(DATA TO EXAMINE begins)
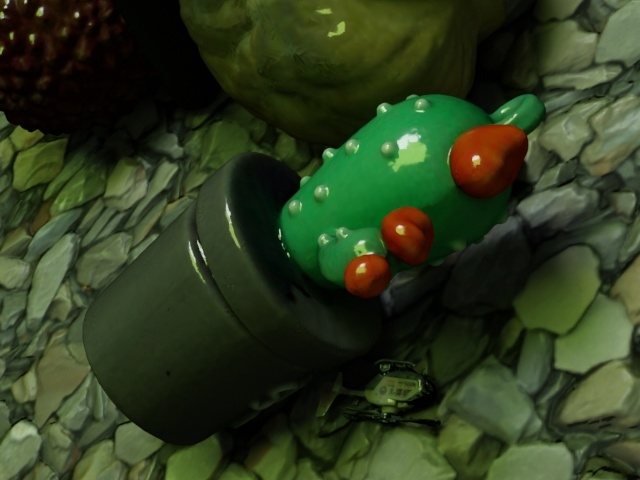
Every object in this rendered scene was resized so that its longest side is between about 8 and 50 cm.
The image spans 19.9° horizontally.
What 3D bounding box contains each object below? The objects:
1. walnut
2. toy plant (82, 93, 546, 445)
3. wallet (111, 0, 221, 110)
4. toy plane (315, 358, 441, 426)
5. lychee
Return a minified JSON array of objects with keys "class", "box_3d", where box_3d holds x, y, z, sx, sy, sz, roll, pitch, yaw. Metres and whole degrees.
[{"class":"walnut","box_3d":[0.021,-0.223,1.545,0.277,0.253,0.282,15,65,45]},{"class":"toy plant","box_3d":[0.007,-0.001,1.413,0.400,0.279,0.185,-36,72,26]},{"class":"wallet","box_3d":[-0.118,-0.291,1.633,0.062,0.406,0.228,26,76,20]},{"class":"toy plane","box_3d":[0.047,0.118,1.407,0.121,0.031,0.049,2,67,40]},{"class":"lychee","box_3d":[-0.255,-0.249,1.811,0.264,0.264,0.300,-4,72,40]}]
(DATA TO EXAMINE ends)
Would you return exactly the lines from the one containing "Return a minified" through the end of the listing, both included, and only them?

== RESPONSE AREA ==
Return a minified JSON array of objects with keys "class", "box_3d", where box_3d holds x, y, z, sx, sy, sz, roll, pitch, yaw. Metres and whole degrees.
[{"class":"walnut","box_3d":[0.021,-0.223,1.545,0.277,0.253,0.282,15,65,45]},{"class":"toy plant","box_3d":[0.007,-0.001,1.413,0.400,0.279,0.185,-36,72,26]},{"class":"wallet","box_3d":[-0.118,-0.291,1.633,0.062,0.406,0.228,26,76,20]},{"class":"toy plane","box_3d":[0.047,0.118,1.407,0.121,0.031,0.049,2,67,40]},{"class":"lychee","box_3d":[-0.255,-0.249,1.811,0.264,0.264,0.300,-4,72,40]}]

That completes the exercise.